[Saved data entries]
····················

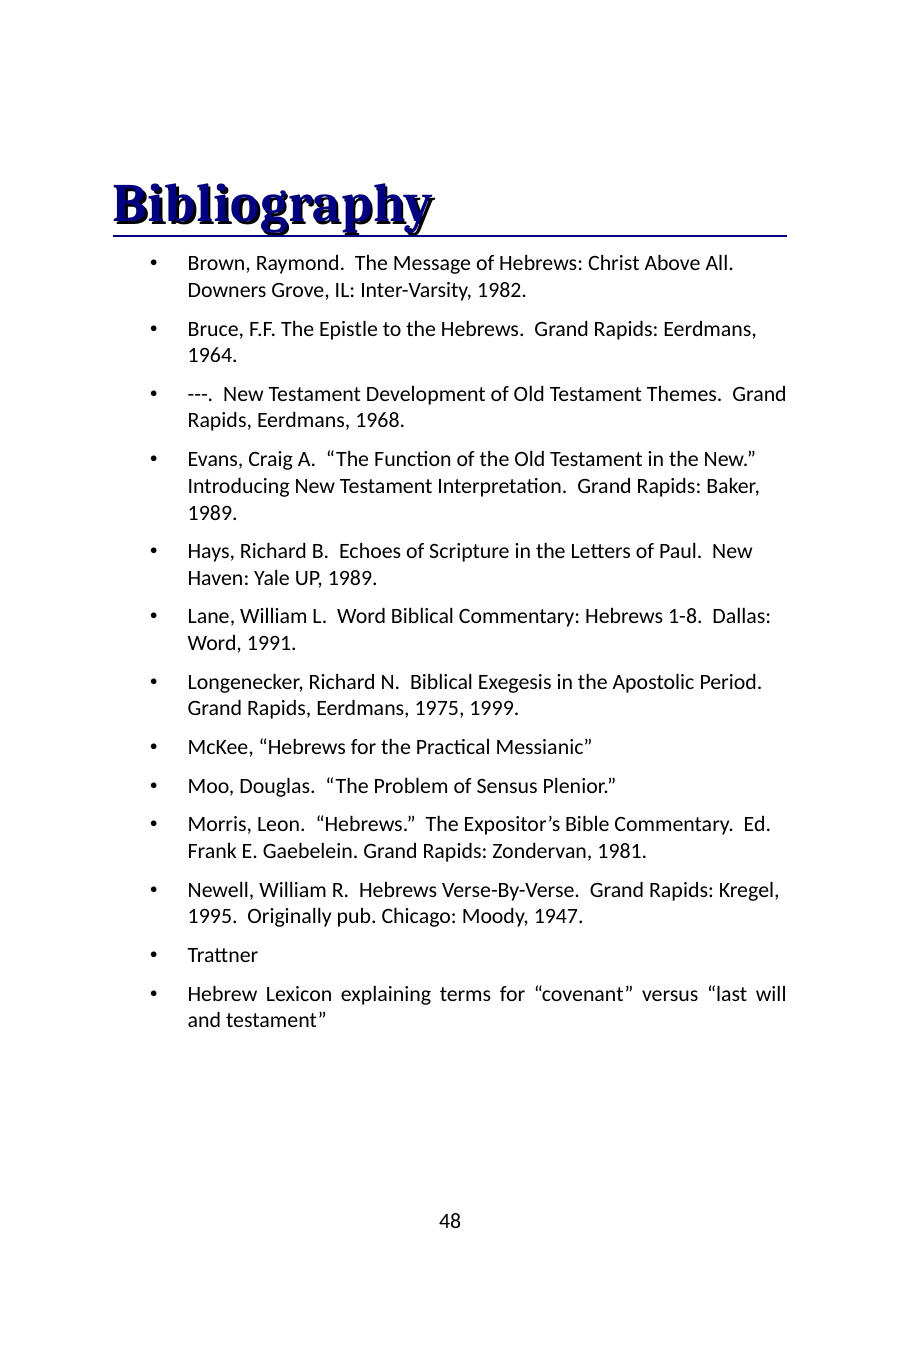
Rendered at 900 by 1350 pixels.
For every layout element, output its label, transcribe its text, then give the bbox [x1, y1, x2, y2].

list ---. New Testament Development of Old Testament Themes. Grand Rapids, Eerdmans, 1968. [150, 380, 787, 433]
list Hebrew Lexicon explaining terms for “covenant” versus “last will and testament” [150, 980, 787, 1033]
list Newell, William R. Hebrews Verse-By-Verse. Grand Rapids: Kregel, 1995. Originally pub. Chicago: Moody, 1947. [150, 876, 787, 929]
list Evans, Craig A. “The Function of the Old Testament in the New.” Introducing New Testament Interpretation. Grand Rapids: Baker, 1989. [150, 445, 787, 525]
list Moo, Douglas. “The Problem of Sensus Plenior.” [150, 772, 787, 798]
list Morris, Leon. “Hebrews.” The Expositor’s Bible Commentary. Ed. Frank E. Gaebelein. Grand Rapids: Zondervan, 1981. [150, 811, 787, 864]
list Bruce, F.F. The Epistle to the Hebrews. Grand Rapids: Eerdmans, 1964. [150, 315, 787, 368]
list McKee, “Hebrews for the Practical Messianic” [150, 733, 787, 760]
list Hays, Richard B. Echoes of Scripture in the Letters of Paul. New Haven: Yale UP, 1989. [150, 537, 787, 591]
list Longenecker, Richard N. Biblical Exegesis in the Apostolic Period. Grand Rapids, Eerdmans, 1975, 1999. [150, 668, 787, 721]
list Lane, William L. Word Biblical Commentary: Hebrews 1-8. Dallas: Word, 1991. [150, 603, 787, 656]
list Brown, Raymond. The Message of Hebrews: Christ Above All. Downers Grove, IL: Inter-Varsity, 1982. [150, 249, 787, 303]
list Trattner [150, 941, 787, 968]
title Bibliography [112, 173, 787, 237]
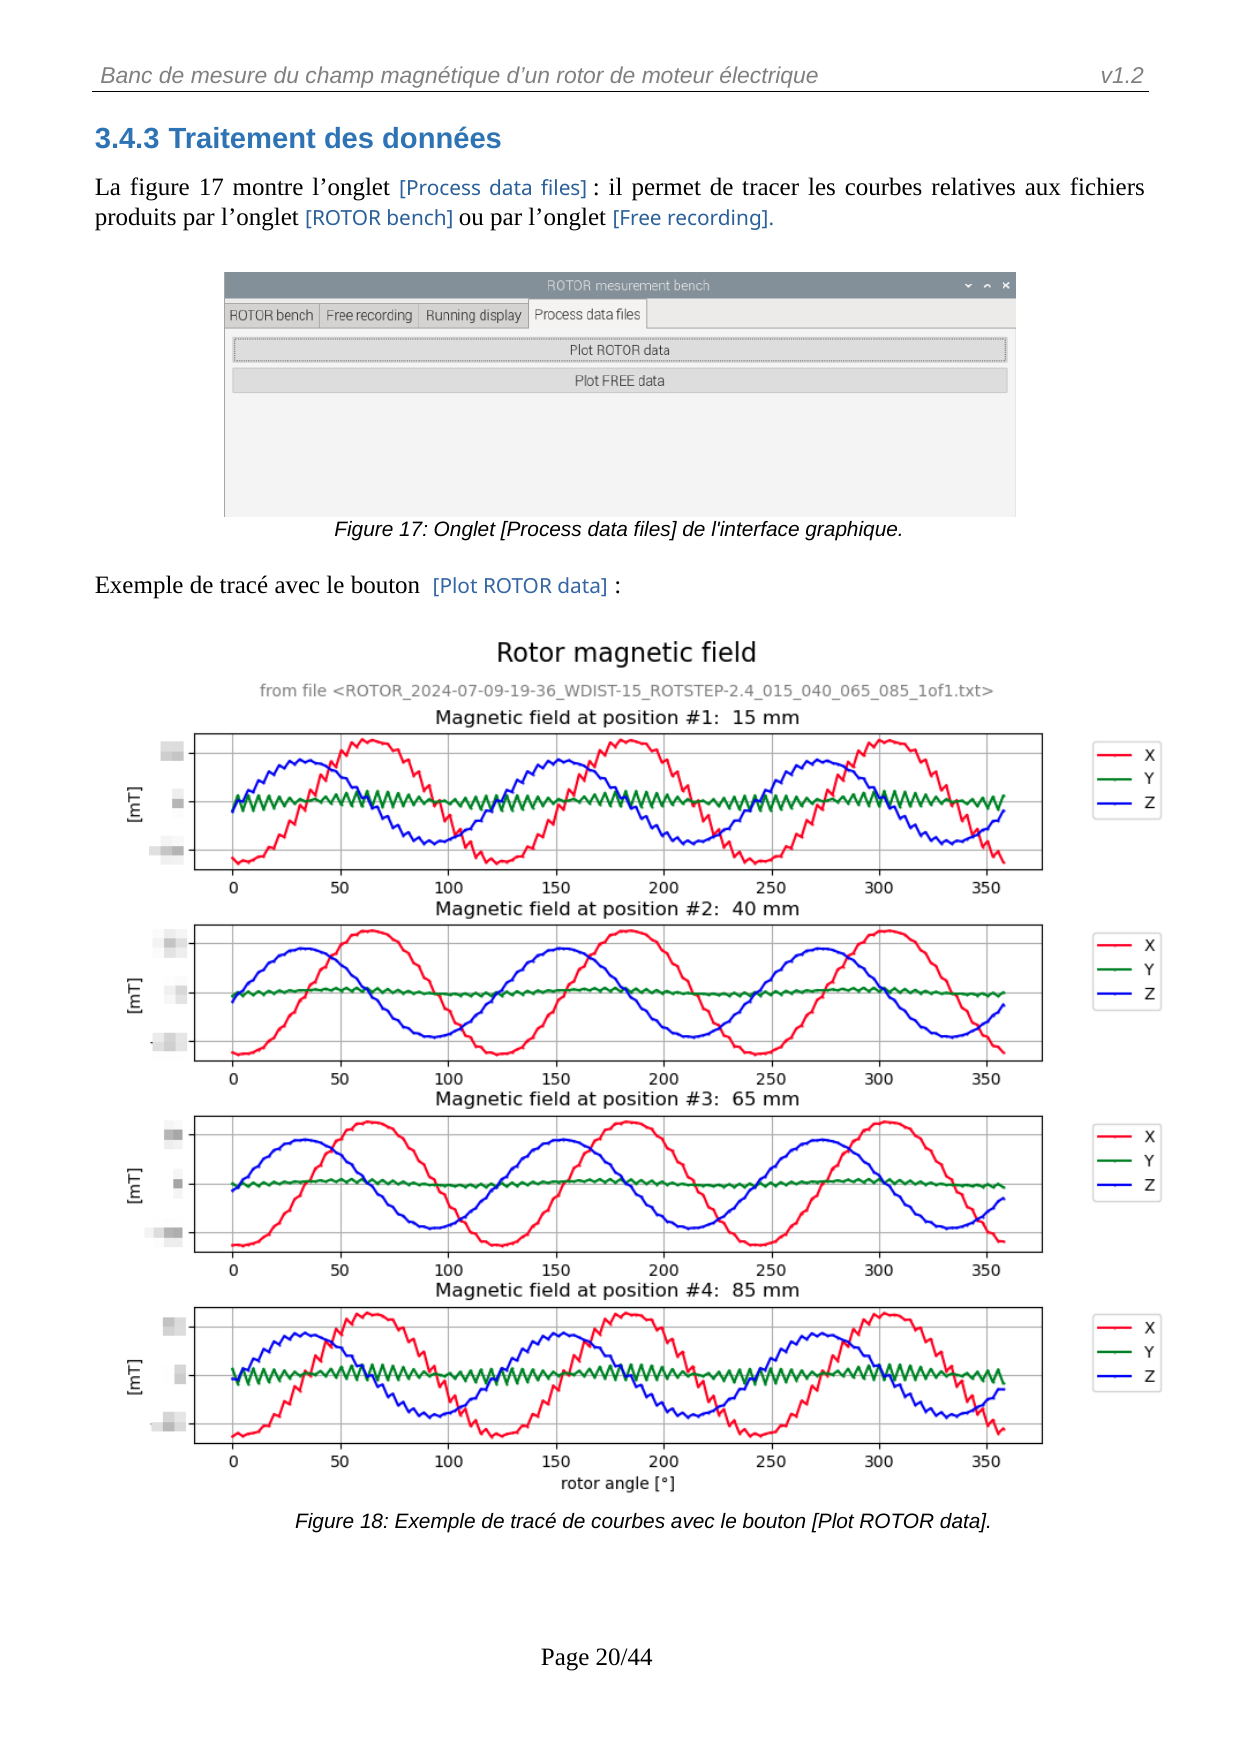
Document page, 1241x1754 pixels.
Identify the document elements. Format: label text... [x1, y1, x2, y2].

picture [224, 272, 1016, 517]
subtitle Traitement des données [94, 121, 1146, 154]
picture [118, 640, 1171, 1496]
text Figure 17: Onglet [Process data files] de l'interface graphique. [221, 517, 1019, 541]
text Exemple de tracé avec le bouton [Plot ROTOR data] : [94, 570, 1146, 599]
text La figure 17 montre l’onglet [Process data files] : il permet de tracer les courbes relatives aux fichiers produits par l’onglet [ROTOR bench] ou par l’onglet [Free recording]. [94, 172, 1146, 231]
text Figure 18: Exemple de tracé de courbes avec le bouton [Plot ROTOR data]. [94, 1496, 1195, 1532]

····················

The lines to return are those in the records above that hold the word "Richard".

list Hays, Richard B. Echoes of Scripture in the Letters of Paul. New Haven: Yale UP, 1989. [150, 537, 787, 591]
list Longenecker, Richard N. Biblical Exegesis in the Apostolic Period. Grand Rapids, Eerdmans, 1975, 1999. [150, 668, 787, 721]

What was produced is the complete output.